Proposed changes to racial discrimination law stir contention

MANY parents would take their children to parks to have some fun. But Ah-kiu (not her real name), a 43-year-old mother, is afraid to do so as she and her children have been called "locusts" with spite in a park twice.

Locust is a pejorative term that some locals use in referring to immigrants or visitors from the Mainland. In their minds, the mainlanders have encroached on Hong Kong's resources like pests.

Ah-kiu came to Hong Kong from the Mainland in 2008 to reunite with her family. On one occasion, a woman scolded her as a "locust" when Ah-kiu asked her to move aside of a slide so that her daughter could play on it.
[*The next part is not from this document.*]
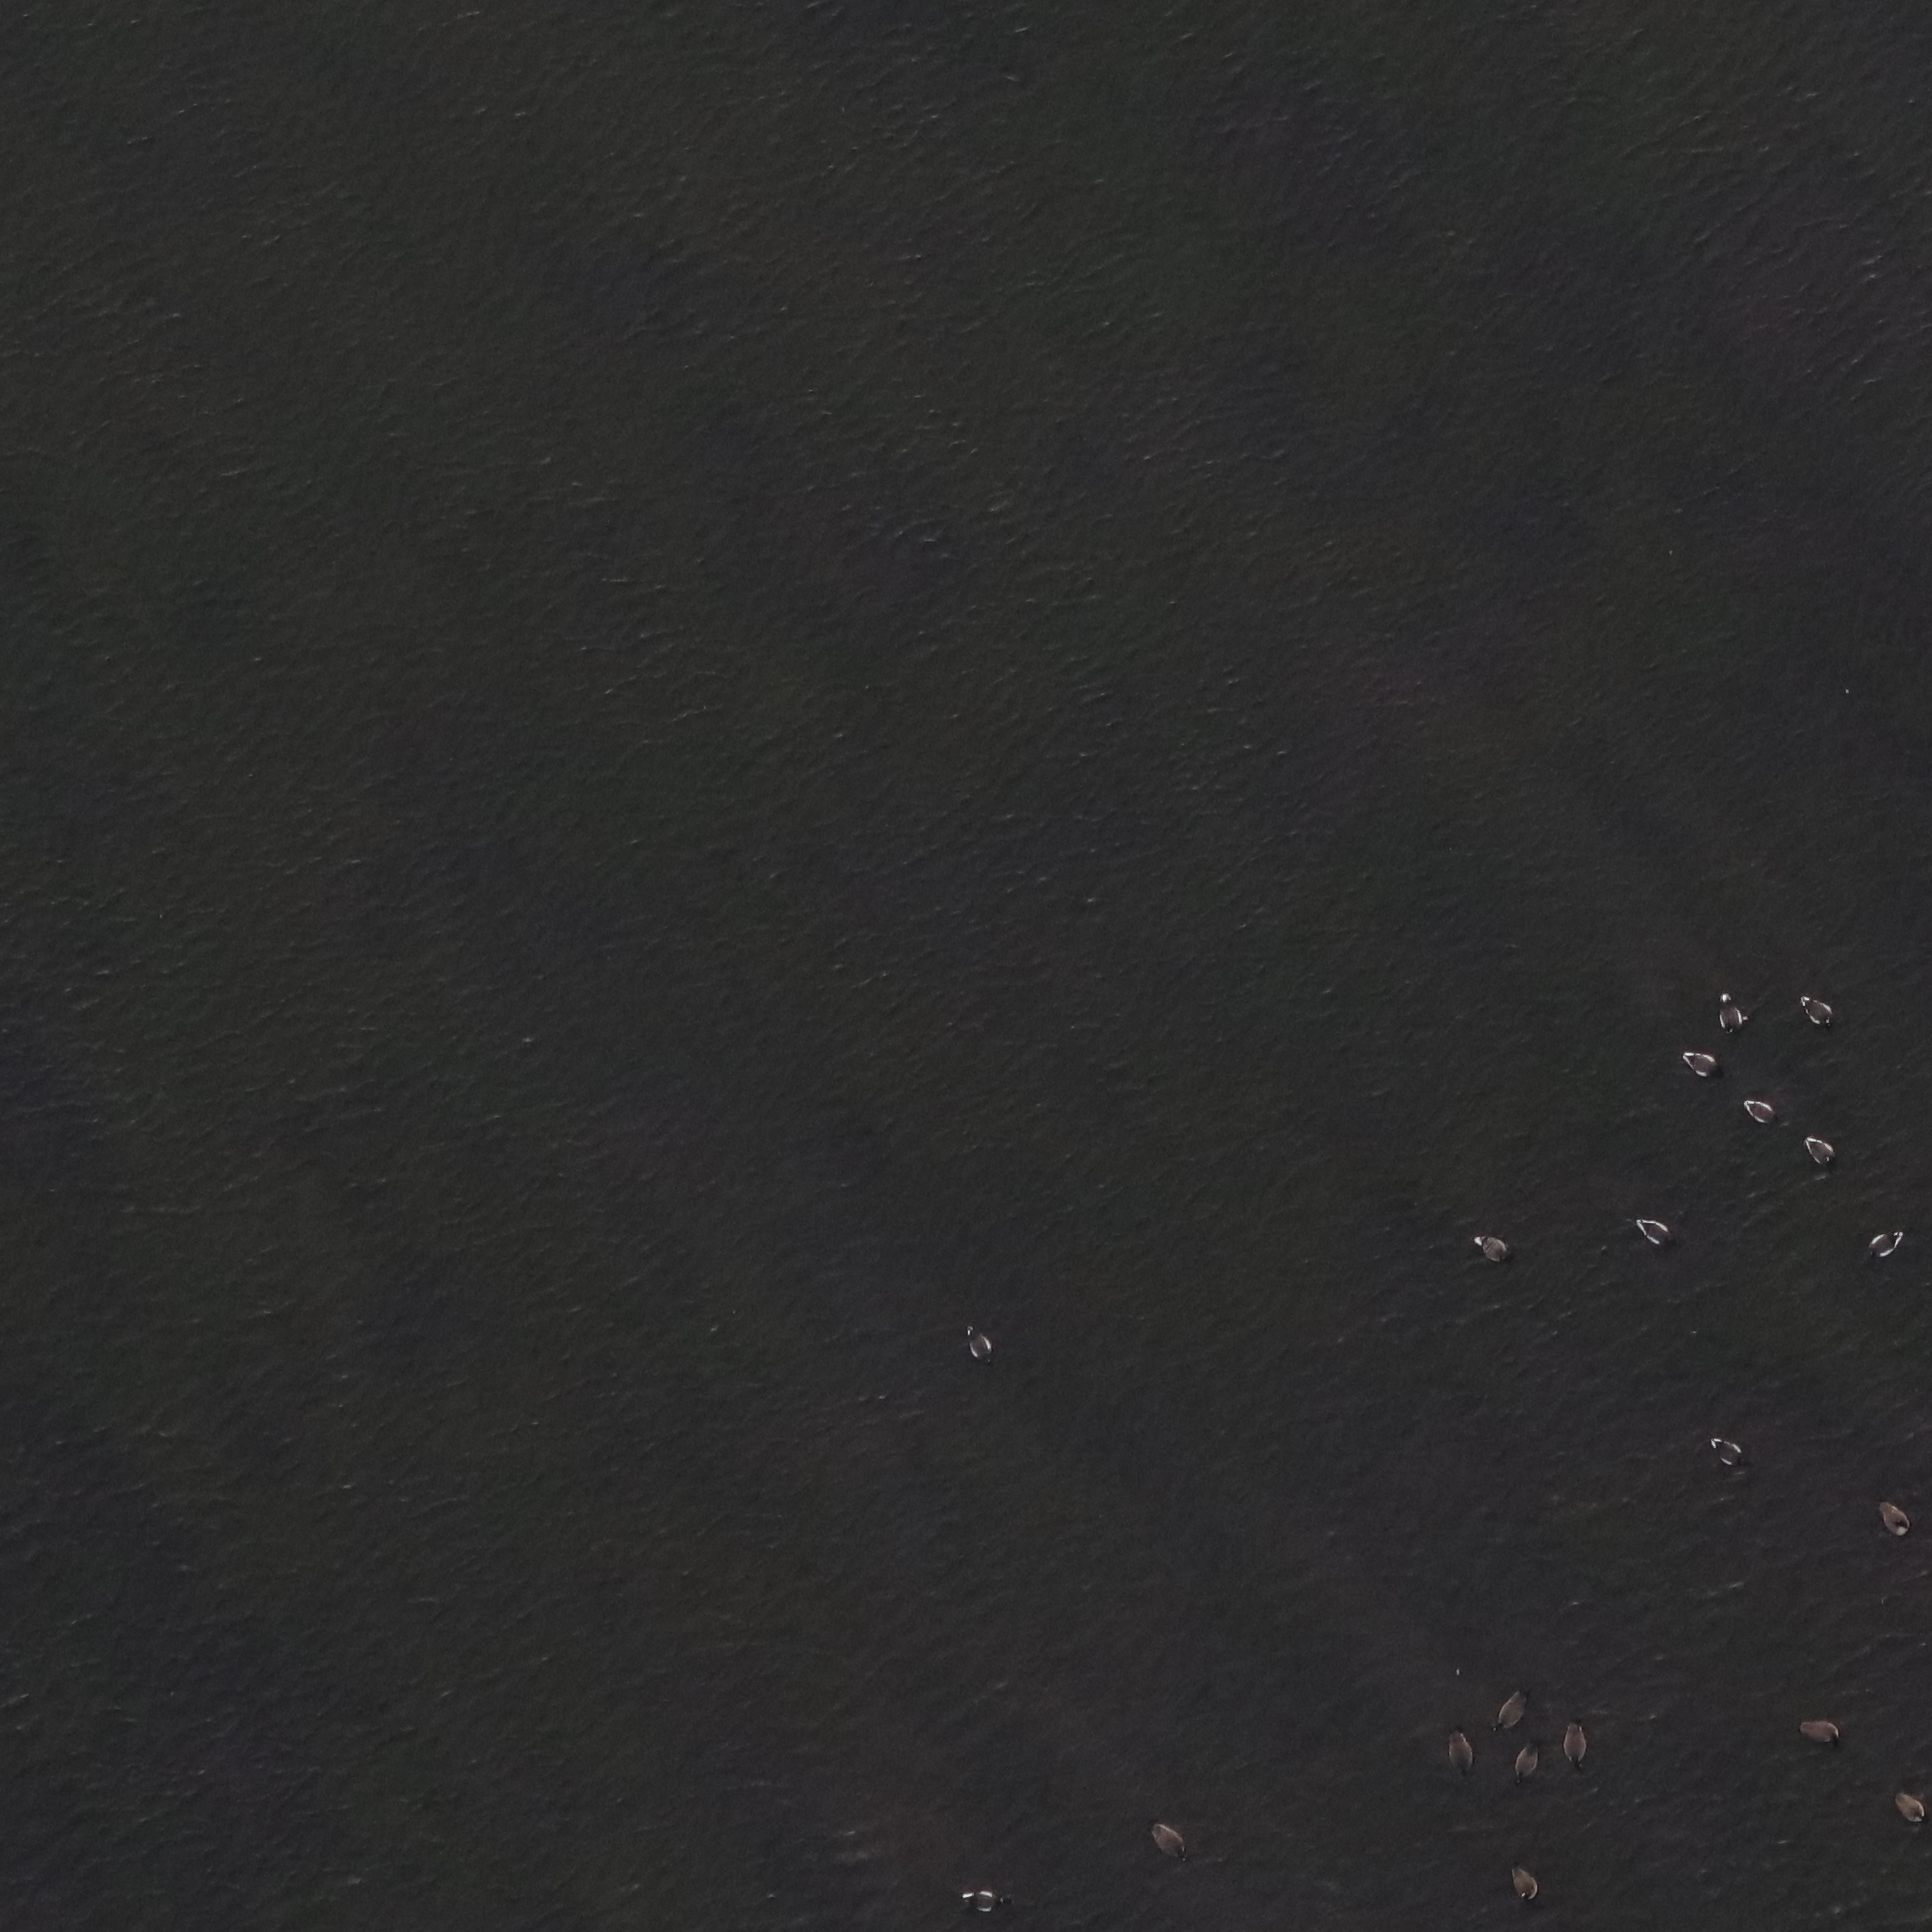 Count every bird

On another occasion, Ah-kiu and a friend went to a park with their children, and a man passing by mumbled: "Those locusts give birth to so many children."

The Equal Opportunities Commission, Hong Kong 's statutory body responsible for enforcing anti- discrimination laws, sees a need to combat the kind of discrimination that Ah-kiu has suffered by legislation.
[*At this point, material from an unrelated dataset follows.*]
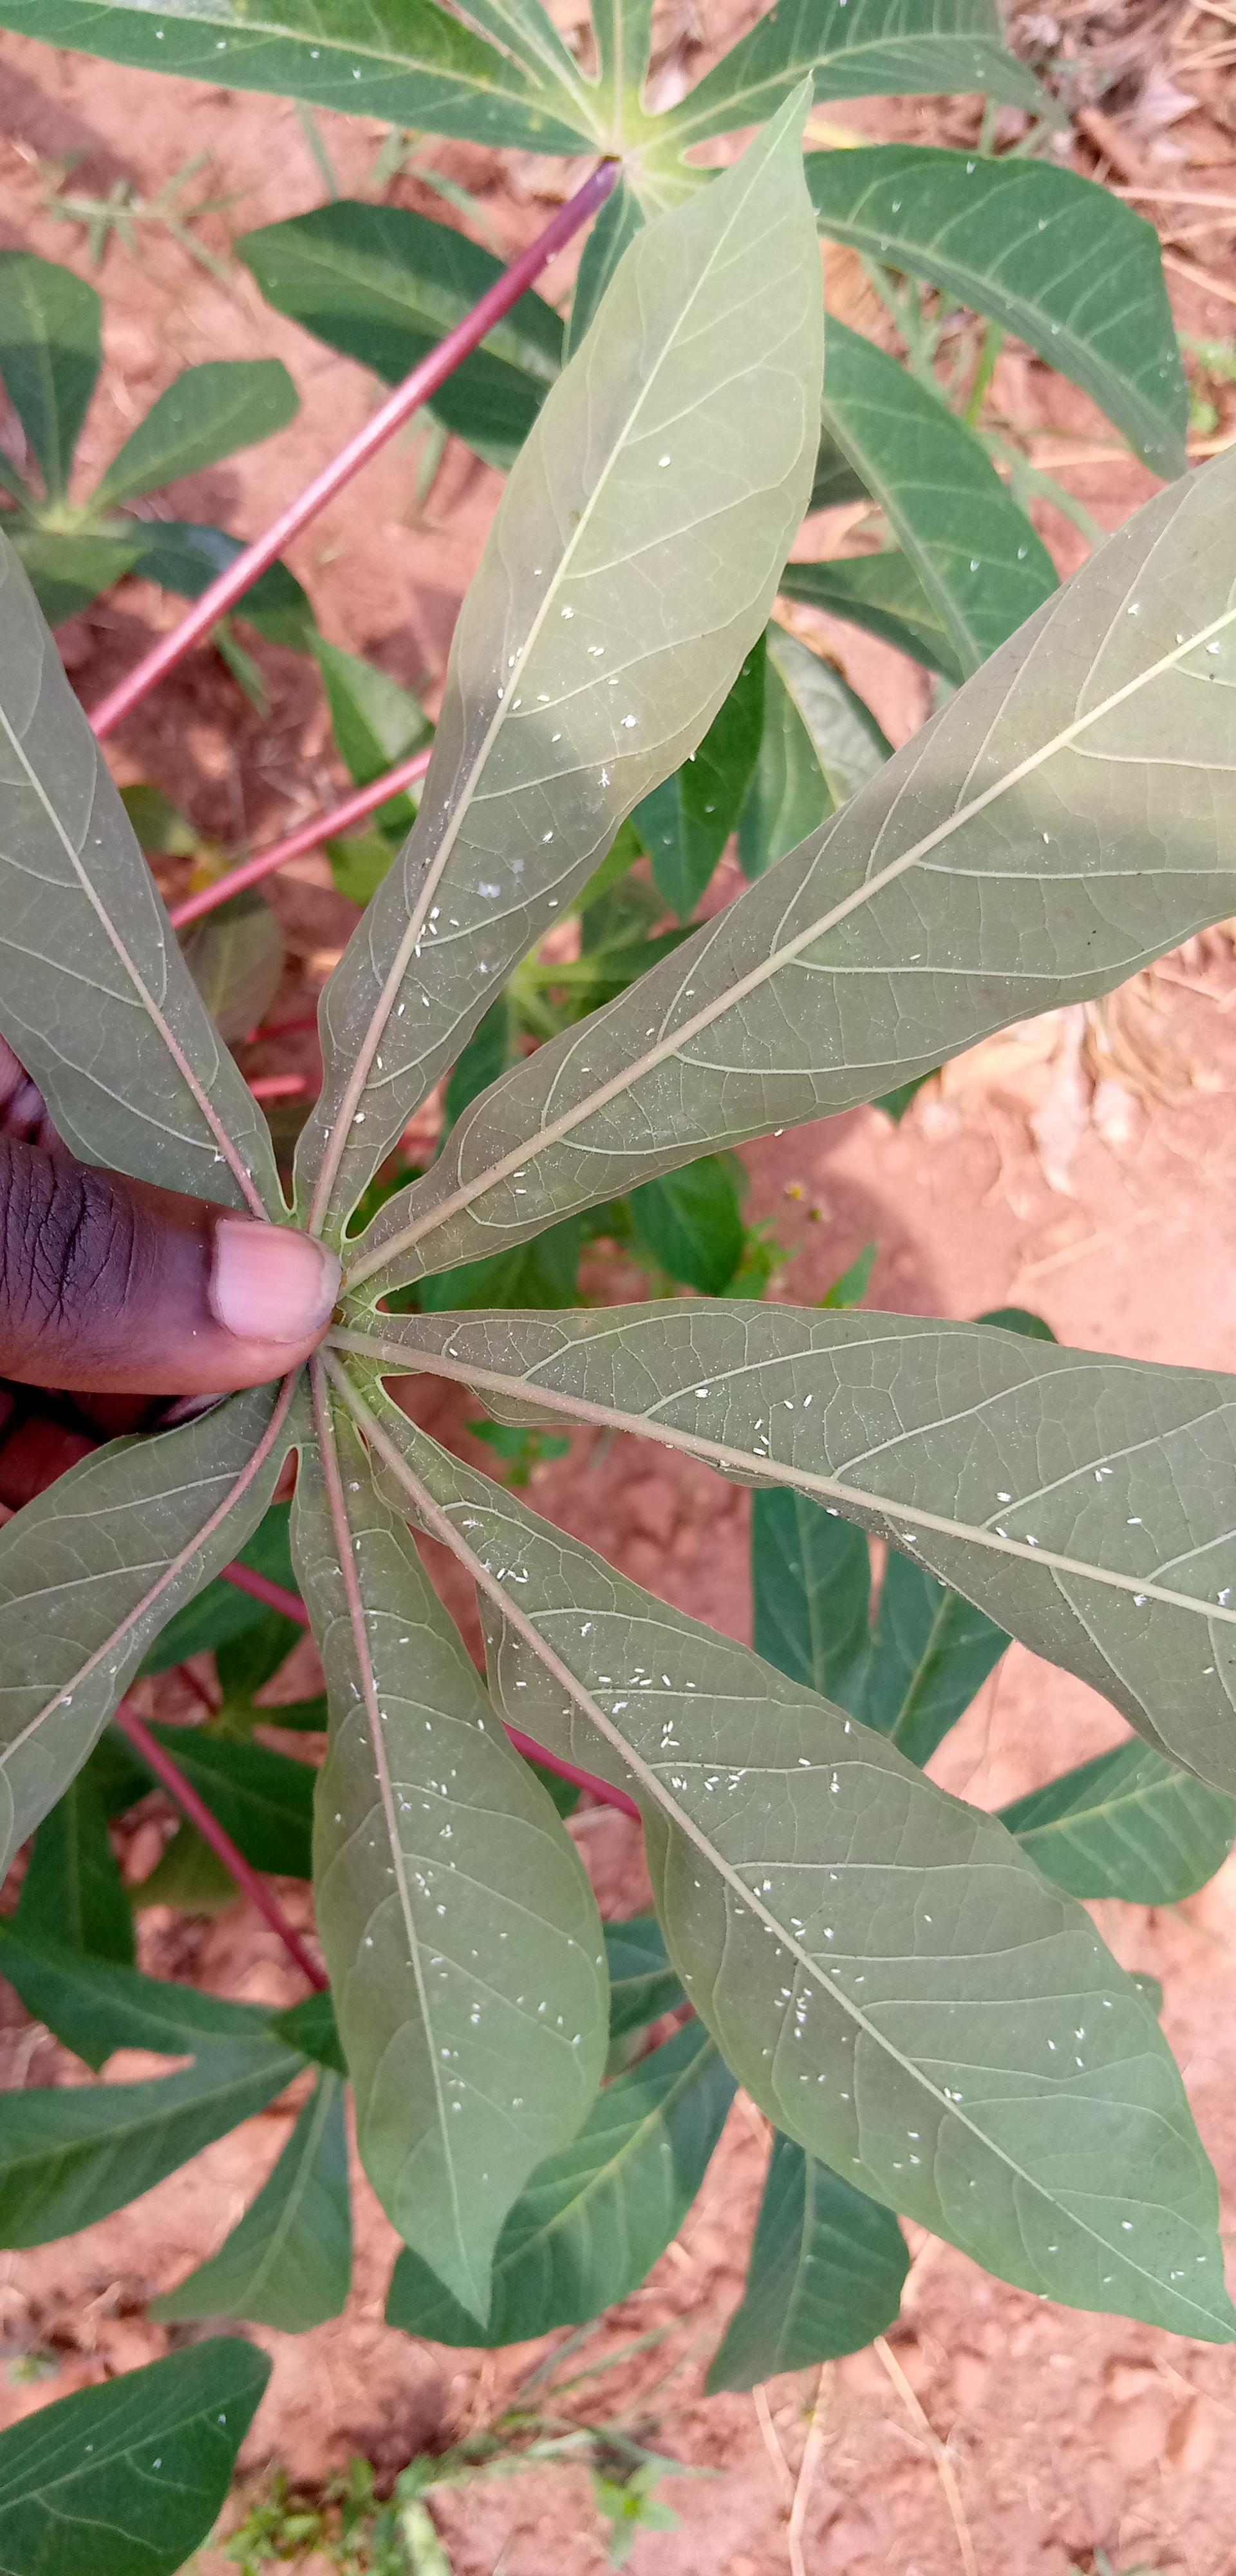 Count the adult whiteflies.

142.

In July, the commission started a consultation exercise to gauge public opinion on whether the scope of the Race Discrimination Ordinance should also outlaw discrimination on the grounds of "nationality, citizenship, residency or even though they are ethnically the same as Hong Kong people.

At the public forums held by the commission, some locals strongly opposed the proposed amendment. They were worried that people from the mainland would become "the privileged". In an article published in the Chinese language newspaper Ming Pao in October, Mr Fan Kwok-wai, a Legislative Council member who launched a pro- locals campaign called Hong Kong First, says the proposed amendment would strip the permanent residents of their priority over new immigrants, and thus cause a fierce competition for public resources between the two groups.
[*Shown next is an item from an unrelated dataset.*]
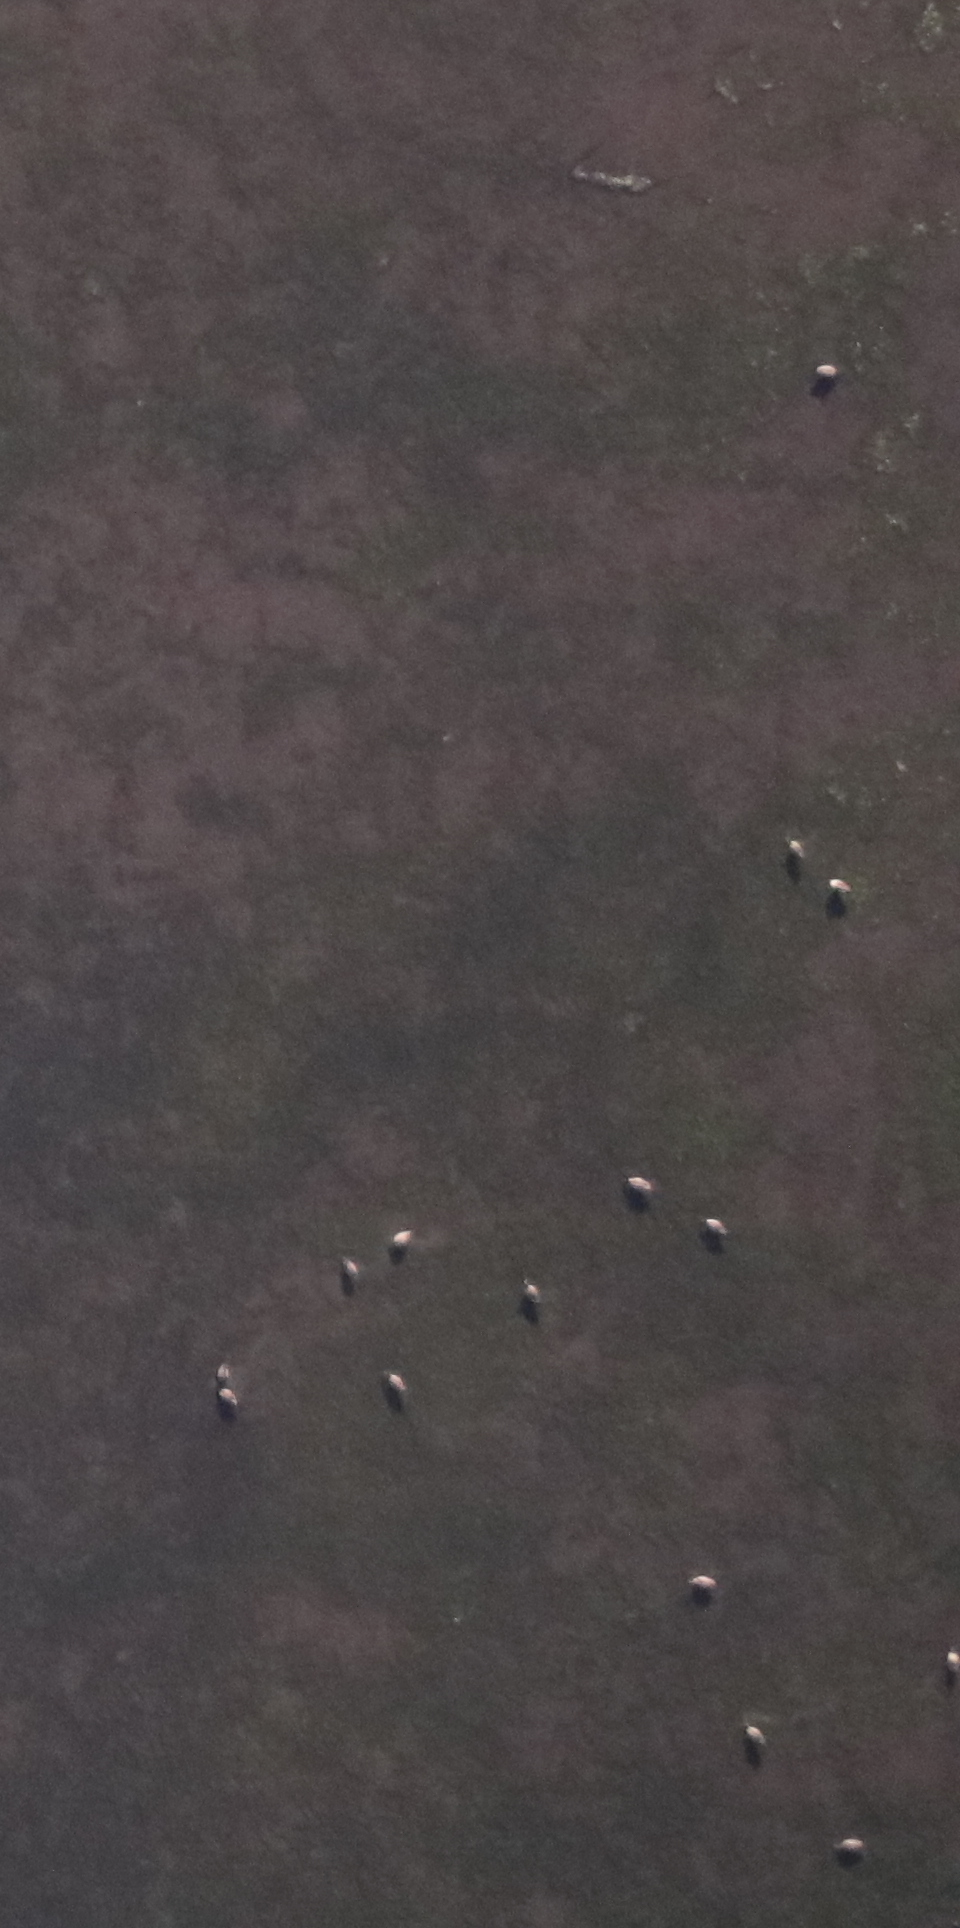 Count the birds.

15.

But Mr York Chow Yat-ngok, Chairman of the Equal Opportunities Commission, has countered that including newcomers or visitors from the Mainland under the Race Discrimination Ordinance will not give them social welfare or political rights enjoyed by Hong Kong permanent residents.

In an article also published in Ming Pao, Mr Chow says amending the law would protect both groups from discrimination. Referring to media reports about Hong Kong people allegedly not getting proper service at some shops in Tsim Sha Tsui selling luxury goods, he says amending the Race Discrimination Ordinance would benefit Hong Kong people as this kind of conduct would be an infringement of the amended law.

Miss Sze Lai-shan is a social worker of the Society for Community Organisation, a human rights group promoting equality among community members. She believes the amended law would provide a legal foundation for protecting the rights of mainland immigrants.

Miss Sze's organisation conducted a survey in September of newcomers from the mainland. It found that middle-aged female immigrants with low education faced severe discrimination in both the workplace and in their daily lives. Some were rejected for a job or scolded by vegetable vendors just because of their mainland origin, according to the survey. "There is currently no legal channel to lodge complaints about those discriminatory acts," said Miss Sze. She believes that people would continue to insult the new immigrants if there was no change in the law.

She said she had also encountered hostilities when she helped mainland immigrants, like being yelled at, with people telling her to "go to hell", at public sessions about the law review.

However, Mr Lee Tsz-king, Chairman of the Liberal Party Youth Committee, does not feel it necessary for the Equal Opportunities Commission to make everyone equal. "The Chinese word for discrimination literally means to see people differently. As every individual is different, what's wrong to see everyone differently?" asked Mr Lee.

The Liberty Party has long been opposing stricter anti-discrimination legislation. It is against amending the Race Discrimination Ordinance and laws that would expand the legal definition of marriage.

Mr Lee believes that exposing the new immigrants to the mainstream society is more helpful than setting them apart or protecting them by law. "They need to learn how to deal with discrimination instead of being given privileges," he said.